Évoquée depuis des années, l’adoption d’un nouveau régime des terres collectives a été accélérée par un discours du roi Mohammed VI prononcé en octobre 2018. Le souverain avait alors appelé à la création d’une « classe moyenne agricole », notamment via « la mobilisation des terres agricoles appartenant aux collectivités ethniques » (les terres collectives). 

Mohammed VI assurait que cette mesure « permettrait de mobiliser un million d’hectares supplémentaires de ces terres » grâce à la distribution de titres fonciers aux ayants-droits, appelée la « melkisation » des terres.

De nouvelles inquiétudes avec la « melkisation » des terres

Si l’égalité dans l’indemnisation des ventes de terres collectives semble être pratiquement acquise, le processus de « melkisation » pourrait en revanche faire naître de nouvelles inquiétudes. 

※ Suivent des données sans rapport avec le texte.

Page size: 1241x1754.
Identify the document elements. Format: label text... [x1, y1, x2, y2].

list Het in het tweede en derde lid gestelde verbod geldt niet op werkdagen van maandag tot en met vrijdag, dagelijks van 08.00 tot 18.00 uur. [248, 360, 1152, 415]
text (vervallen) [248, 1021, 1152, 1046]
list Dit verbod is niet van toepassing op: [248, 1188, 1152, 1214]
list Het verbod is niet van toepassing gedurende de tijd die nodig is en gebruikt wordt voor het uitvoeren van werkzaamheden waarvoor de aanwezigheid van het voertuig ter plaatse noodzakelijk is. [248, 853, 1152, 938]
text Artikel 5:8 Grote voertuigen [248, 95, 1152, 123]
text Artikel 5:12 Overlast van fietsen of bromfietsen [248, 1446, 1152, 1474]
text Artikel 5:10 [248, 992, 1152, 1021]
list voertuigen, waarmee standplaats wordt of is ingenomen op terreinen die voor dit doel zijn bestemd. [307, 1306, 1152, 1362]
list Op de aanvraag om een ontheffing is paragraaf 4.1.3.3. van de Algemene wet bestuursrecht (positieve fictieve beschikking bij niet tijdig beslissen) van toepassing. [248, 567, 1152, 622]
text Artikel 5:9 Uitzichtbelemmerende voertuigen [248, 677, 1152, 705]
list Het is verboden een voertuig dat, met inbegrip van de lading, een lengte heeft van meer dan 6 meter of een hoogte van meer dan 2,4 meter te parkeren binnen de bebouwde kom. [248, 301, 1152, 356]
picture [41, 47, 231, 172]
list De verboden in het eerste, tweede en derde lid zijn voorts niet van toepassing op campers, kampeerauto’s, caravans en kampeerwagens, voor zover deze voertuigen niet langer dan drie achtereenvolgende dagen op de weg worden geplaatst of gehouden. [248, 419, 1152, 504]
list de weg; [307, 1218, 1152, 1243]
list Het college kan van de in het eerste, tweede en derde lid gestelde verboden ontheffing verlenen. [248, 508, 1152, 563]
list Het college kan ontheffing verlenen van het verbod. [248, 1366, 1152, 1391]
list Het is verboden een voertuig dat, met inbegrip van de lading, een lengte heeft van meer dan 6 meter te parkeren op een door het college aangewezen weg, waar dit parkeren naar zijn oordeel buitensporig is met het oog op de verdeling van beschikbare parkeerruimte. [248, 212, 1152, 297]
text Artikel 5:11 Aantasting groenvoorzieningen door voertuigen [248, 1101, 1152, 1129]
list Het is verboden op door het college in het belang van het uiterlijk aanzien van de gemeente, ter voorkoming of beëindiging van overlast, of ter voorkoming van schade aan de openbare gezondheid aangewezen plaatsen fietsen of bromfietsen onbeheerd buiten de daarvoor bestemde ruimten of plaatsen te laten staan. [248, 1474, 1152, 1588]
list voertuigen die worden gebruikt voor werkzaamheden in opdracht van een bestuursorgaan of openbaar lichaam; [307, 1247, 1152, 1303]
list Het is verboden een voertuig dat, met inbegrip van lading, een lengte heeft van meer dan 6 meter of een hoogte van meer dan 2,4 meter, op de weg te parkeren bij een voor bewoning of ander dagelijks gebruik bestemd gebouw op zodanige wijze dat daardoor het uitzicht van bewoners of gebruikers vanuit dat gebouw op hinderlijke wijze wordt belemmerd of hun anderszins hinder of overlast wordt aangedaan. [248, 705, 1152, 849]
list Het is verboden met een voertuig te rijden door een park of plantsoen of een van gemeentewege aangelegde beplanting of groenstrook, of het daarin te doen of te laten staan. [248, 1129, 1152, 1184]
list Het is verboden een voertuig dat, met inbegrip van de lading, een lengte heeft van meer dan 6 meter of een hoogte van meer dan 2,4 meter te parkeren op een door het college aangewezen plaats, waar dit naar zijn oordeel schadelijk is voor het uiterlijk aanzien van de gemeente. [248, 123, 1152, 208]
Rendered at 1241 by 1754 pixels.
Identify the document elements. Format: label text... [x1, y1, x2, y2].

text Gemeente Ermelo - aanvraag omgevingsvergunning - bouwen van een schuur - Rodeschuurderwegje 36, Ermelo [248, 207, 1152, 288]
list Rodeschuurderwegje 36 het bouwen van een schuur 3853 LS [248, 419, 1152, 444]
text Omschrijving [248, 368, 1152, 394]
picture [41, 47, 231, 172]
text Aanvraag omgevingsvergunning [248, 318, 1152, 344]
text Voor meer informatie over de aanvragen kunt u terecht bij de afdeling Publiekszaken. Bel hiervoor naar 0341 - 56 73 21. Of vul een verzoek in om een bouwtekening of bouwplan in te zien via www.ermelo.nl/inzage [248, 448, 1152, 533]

Plusieurs tribus ont mené, ces dernières années, une lutte contre l’appropriation de leurs terres par des promoteurs immobiliers, à l’image des Ouled Sbita près de Salé (au nord de Rabat). 

« Ces projets de loi n’ont été élaborés ni dans l’intérêt des ayants droit  [membres des tribus qui exploitent les terres], ni dans celui des femmes soulaliyates. Ils visent en revanche à faciliter la vente de ces terres aux promoteurs immobiliers, ce qui va engendrer plus de marginalisation pour les membres des tribus », alerte Driss Sedraoui, président de la Ligue marocaine pour la citoyenneté et les droits de l’homme (LMCDH). 

Saida Drissi, de son côté, craint que les femmes ne soient lésées lors de la « melkisation » car, selon elle, la plupart des exploitants et leurs héritiers sont des hommes. « Nous allons suivre sa mise en œuvre », indique-t-elle. « Mais c’est un processus qui va prendre des années ».